JUIZ CONCEDE PEDIDO DE ADOLESCENTE PARA SUSPENDER CONTATO COM PAI BIOLÓGICO

Em uma decisão que comoveu o Brasil, uma adolescente conseguiu no Tribunal de Justiça do Mato Grosso do Sul (TJMS) suspender as visitas do seu pai biológico. O caso abre um precedente importante para os direitos das crianças e adolescentes, pois reconhece que eles têm a voz e o poder de decidir sobre suas próprias relações familiares, desde que demonstrem maturidade para tal.

O que aconteceu?

A menina, que não teve sua identidade revelada, alegou que nunca teve um relacionamento próximo com o pai biológico. Ela o acusou de abandono afetivo desde a sua infância, afirmando que ele nunca se preocupou com sua educação, bem-estar ou demonstração de carinho. Inclusive, em um episódio marcante, o pai a ignorou em um shopping quando estava com sua nova companheira.

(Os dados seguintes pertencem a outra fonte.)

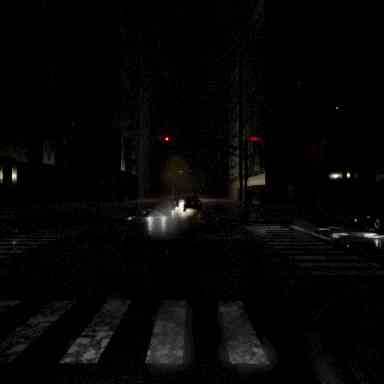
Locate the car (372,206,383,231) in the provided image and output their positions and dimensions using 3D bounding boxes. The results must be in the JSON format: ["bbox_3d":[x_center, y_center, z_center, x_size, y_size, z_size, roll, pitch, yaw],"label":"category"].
[{"bbox_3d":[12.163,1.573,17.351,4.181,1.385,1.994,0,0,0],"label":"car"}]

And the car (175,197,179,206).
[{"bbox_3d":[-3.116,1.476,43.245,1.882,1.535,5.008,0,0,0],"label":"car"}]

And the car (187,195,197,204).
[{"bbox_3d":[-0.002,1.477,64.539,1.882,1.535,5.008,0,0,0],"label":"car"}]

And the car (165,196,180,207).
[{"bbox_3d":[-3.078,1.491,53.407,2.128,1.511,4.902,0,0,0],"label":"car"}]

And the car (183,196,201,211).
[{"bbox_3d":[0.042,1.350,40.662,2.097,1.767,4.553,0,0,0],"label":"car"}]

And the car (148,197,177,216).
[{"bbox_3d":[-3.101,1.546,33.441,2.033,1.411,5.357,0,0,4],"label":"car"}]

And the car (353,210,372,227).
[{"bbox_3d":[12.599,1.495,20.600,4.902,1.511,2.128,0,0,0],"label":"car"}]
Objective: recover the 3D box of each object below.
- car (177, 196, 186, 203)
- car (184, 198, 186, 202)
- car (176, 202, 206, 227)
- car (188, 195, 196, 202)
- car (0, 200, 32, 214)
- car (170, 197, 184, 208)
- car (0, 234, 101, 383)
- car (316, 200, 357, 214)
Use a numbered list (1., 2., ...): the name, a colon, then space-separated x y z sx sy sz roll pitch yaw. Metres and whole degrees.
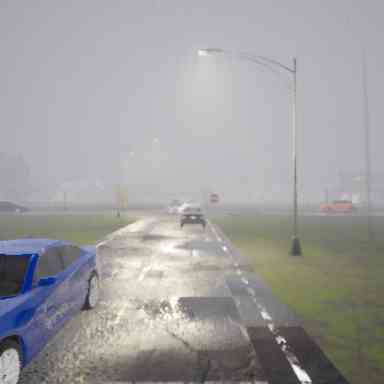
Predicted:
1. car: -2.815 2.017 88.820 2.097 1.767 4.553 0 0 0
2. car: -2.805 2.094 74.226 2.128 1.511 4.902 0 0 0
3. car: 0.070 1.741 24.329 2.033 1.411 5.357 0 0 0
4. car: -0.063 2.184 85.971 2.033 1.411 5.357 0 0 0
5. car: -21.225 1.752 38.691 4.892 1.490 1.837 0 0 0
6. car: -2.832 1.964 59.124 1.837 1.490 4.892 0 -1 0
7. car: -2.853 1.520 5.070 1.882 1.535 5.008 0 0 0
8. car: 17.849 1.737 41.370 4.553 1.767 2.097 0 0 0
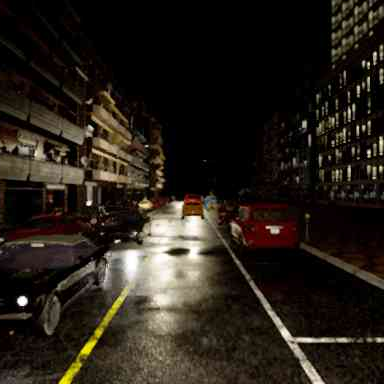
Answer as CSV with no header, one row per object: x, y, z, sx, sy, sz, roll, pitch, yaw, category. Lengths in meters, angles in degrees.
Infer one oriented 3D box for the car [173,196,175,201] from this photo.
-5.794,1.628,79.411,2.192,1.841,5.009,0,0,0,car

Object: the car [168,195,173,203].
-5.786,1.811,73.714,1.752,1.417,4.829,0,0,0,car

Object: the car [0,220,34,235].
-5.704,1.575,7.564,2.008,1.369,4.403,0,0,0,car

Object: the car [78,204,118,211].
-5.719,1.502,18.618,1.967,1.590,4.097,0,0,0,car

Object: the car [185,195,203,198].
0.032,1.379,45.099,2.150,2.045,5.566,0,0,1,car

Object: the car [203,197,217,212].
2.635,1.667,40.904,1.752,1.417,4.829,0,0,0,car

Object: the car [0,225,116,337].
-3.104,1.623,6.805,1.895,1.301,4.718,0,0,0,car

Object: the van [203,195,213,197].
2.628,1.504,46.261,1.690,1.788,3.998,0,0,0,van

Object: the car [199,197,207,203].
2.588,1.894,79.420,1.802,1.307,4.206,0,0,0,car

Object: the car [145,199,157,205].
-5.744,1.666,40.554,1.752,1.417,4.829,0,0,0,car

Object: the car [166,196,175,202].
-5.805,1.918,90.464,2.008,1.369,4.403,0,0,0,car

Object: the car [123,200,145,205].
-5.732,1.541,29.671,1.967,1.590,4.097,0,0,0,car

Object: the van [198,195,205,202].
2.573,1.708,90.474,1.690,1.788,3.998,0,0,0,van

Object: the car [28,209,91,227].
-5.711,1.588,13.090,1.887,1.381,4.507,0,0,0,car

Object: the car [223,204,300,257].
2.668,1.357,13.101,2.192,1.841,5.009,0,0,0,car

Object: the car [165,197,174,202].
-5.798,1.890,84.937,2.008,1.369,4.403,0,0,0,car

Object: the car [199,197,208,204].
2.595,1.868,73.894,1.802,1.307,4.206,0,0,0,car

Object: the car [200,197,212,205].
2.607,1.675,62.840,1.967,1.590,4.097,0,0,0,car

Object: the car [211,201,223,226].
2.655,1.625,24.155,1.887,1.381,4.507,0,0,0,car

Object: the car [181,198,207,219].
0.060,1.580,30.082,1.882,1.535,5.008,0,-1,0,car

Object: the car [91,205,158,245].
-3.020,1.601,16.144,2.033,1.411,5.357,0,0,0,car

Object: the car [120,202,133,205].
-5.725,1.663,24.145,1.802,1.307,4.206,0,0,0,car

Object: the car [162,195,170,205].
-5.772,1.780,62.831,1.887,1.381,4.507,0,0,0,car

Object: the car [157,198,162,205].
-5.751,1.708,46.250,1.887,1.381,4.507,0,0,0,car
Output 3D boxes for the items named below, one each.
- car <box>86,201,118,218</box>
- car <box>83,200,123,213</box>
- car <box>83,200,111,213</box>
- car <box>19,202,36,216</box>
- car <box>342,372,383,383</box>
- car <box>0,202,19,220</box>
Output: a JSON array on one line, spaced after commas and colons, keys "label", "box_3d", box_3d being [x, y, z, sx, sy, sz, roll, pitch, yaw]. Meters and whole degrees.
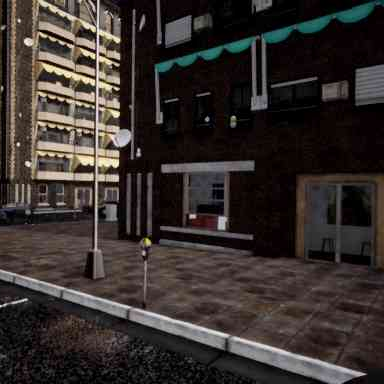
[{"label": "car", "box_3d": [-7.443, 1.822, 31.616, 1.947, 1.339, 4.313, 1, 0, 36]}, {"label": "car", "box_3d": [-10.897, 1.708, 41.049, 1.887, 1.381, 4.507, 1, 0, 36]}, {"label": "car", "box_3d": [-10.012, 1.667, 37.881, 1.882, 1.535, 5.008, 1, 0, 36]}, {"label": "car", "box_3d": [-17.466, 1.622, 32.144, 2.008, 1.369, 4.403, 1, 0, 36]}, {"label": "car", "box_3d": [2.655, 1.551, 1.120, 4.403, 1.369, 2.008, 0, 1, 36]}, {"label": "car", "box_3d": [-17.510, 1.686, 27.654, 1.895, 1.301, 4.718, 1, 0, 36]}]

Inconformada com a situação, a adolescente, representada por sua mãe, recorreu à Justiça para impedir as visitas do pai. O juiz inicial determinou que as visitas fossem retomadas, mas a menina não se sentia segura e confortável com essa decisão. Por isso, ela recorreu ao TJMS, buscando reverter a decisão.

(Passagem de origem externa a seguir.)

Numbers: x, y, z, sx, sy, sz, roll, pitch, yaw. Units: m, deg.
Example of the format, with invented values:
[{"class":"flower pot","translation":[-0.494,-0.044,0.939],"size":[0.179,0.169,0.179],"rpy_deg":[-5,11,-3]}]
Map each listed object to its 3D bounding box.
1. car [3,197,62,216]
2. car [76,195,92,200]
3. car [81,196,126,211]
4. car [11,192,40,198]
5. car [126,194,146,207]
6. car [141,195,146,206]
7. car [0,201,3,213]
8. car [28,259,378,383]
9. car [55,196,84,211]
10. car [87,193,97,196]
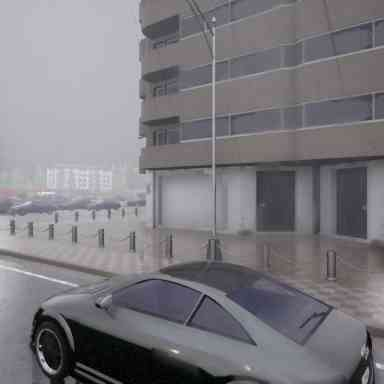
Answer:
[{"class":"car","translation":[-16.007,1.581,33.572],"size":[1.812,1.442,4.674],"rpy_deg":[0,0,35]},{"class":"car","translation":[-29.125,1.451,89.800],"size":[1.970,1.475,3.806],"rpy_deg":[0,0,35]},{"class":"car","translation":[-10.839,1.581,41.018],"size":[1.812,1.442,4.674],"rpy_deg":[0,0,35]},{"class":"car","translation":[-36.801,1.209,73.771],"size":[1.932,1.855,4.605],"rpy_deg":[0,0,35]},{"class":"car","translation":[-7.902,1.533,51.363],"size":[1.882,1.535,5.008],"rpy_deg":[0,0,35]},{"class":"car","translation":[-4.897,1.560,49.550],"size":[1.837,1.490,4.892],"rpy_deg":[0,0,35]},{"class":"car","translation":[-20.075,1.603,33.889],"size":[2.033,1.411,5.357],"rpy_deg":[0,0,35]},{"class":"car","translation":[-0.122,1.564,4.068],"size":[4.181,1.385,1.994],"rpy_deg":[0,0,35]},{"class":"car","translation":[-14.323,1.603,42.157],"size":[2.033,1.411,5.357],"rpy_deg":[0,0,35]},{"class":"car","translation":[-26.761,1.211,88.129],"size":[1.905,1.878,3.866],"rpy_deg":[0,0,35]}]
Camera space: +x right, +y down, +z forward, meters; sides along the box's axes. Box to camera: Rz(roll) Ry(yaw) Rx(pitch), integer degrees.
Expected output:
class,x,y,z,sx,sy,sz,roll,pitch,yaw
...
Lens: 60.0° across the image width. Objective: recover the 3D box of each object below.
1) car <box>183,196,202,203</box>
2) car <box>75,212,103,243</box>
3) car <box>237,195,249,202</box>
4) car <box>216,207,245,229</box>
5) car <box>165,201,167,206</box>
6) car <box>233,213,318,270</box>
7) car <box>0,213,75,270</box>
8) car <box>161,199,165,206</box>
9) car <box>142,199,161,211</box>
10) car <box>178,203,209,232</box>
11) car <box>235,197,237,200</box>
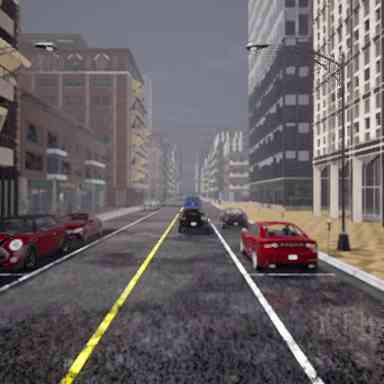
class,x,y,z,sx,sy,sz,roll,pitch,yaw
car,0.085,1.494,40.764,2.150,2.045,5.566,0,0,0
car,-5.699,1.691,16.729,1.802,1.307,4.206,0,0,0
car,14.659,1.602,83.510,5.009,1.841,2.192,-1,1,-1
car,2.679,1.697,22.382,2.008,1.369,4.403,0,0,0
car,-5.768,2.014,63.537,1.802,1.307,4.206,0,0,0
car,2.684,1.617,11.084,1.887,1.381,4.507,0,0,0
car,-5.696,1.513,11.082,1.967,1.590,4.097,0,0,0
car,-5.712,1.891,50.620,2.008,1.369,4.403,0,0,0
car,-5.711,1.852,44.972,2.008,1.369,4.403,0,0,0
car,0.090,1.664,21.129,1.812,1.442,4.674,0,0,0
car,14.521,1.647,91.888,5.009,1.841,2.192,-1,1,-1

A decisão do TJMS: priorizando o bem-estar da adolescente

Ao analisar o caso, o TJMS deu razão à adolescente. O tribunal reconheceu que, aos 14 anos, ela já possuía maturidade suficiente para discernir o que seria melhor para o seu desenvolvimento e felicidade. Foi considerado que a retomada das visitas com o pai biológico, após tanto tempo de abandono, poderia causar sofrimento emocional à menina e ser prejudicial à sua saúde mental.

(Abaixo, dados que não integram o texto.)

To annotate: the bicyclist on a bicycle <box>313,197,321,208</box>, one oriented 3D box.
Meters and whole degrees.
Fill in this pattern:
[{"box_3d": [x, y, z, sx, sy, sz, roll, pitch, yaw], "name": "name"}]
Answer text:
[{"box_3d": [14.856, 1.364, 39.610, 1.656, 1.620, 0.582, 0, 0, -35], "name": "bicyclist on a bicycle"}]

O magistrado que analisou o caso ressaltou que, apesar do pai biológico ter o direito de ver a filha, nesse caso específico, o direito da adolescente à sua saúde mental e emocional se sobrepõe. “Há um direito de maior importância em questão, que é a preservação dos direitos da adolescente”, afirmou.

Filiação socioafetiva: reconhecendo o amor que constrói laços

A decisão do TJMS também destaca a importância da filiação socioafetiva, que reconhece como família os laços afetivos e de cuidado que se constroem ao longo da vida, independentemente de laços biológicos. No caso da adolescente, o padrasto, que assumiu o papel de pai desde cedo, foi fundamental para o seu desenvolvimento e se tornou sua principal referência paterna.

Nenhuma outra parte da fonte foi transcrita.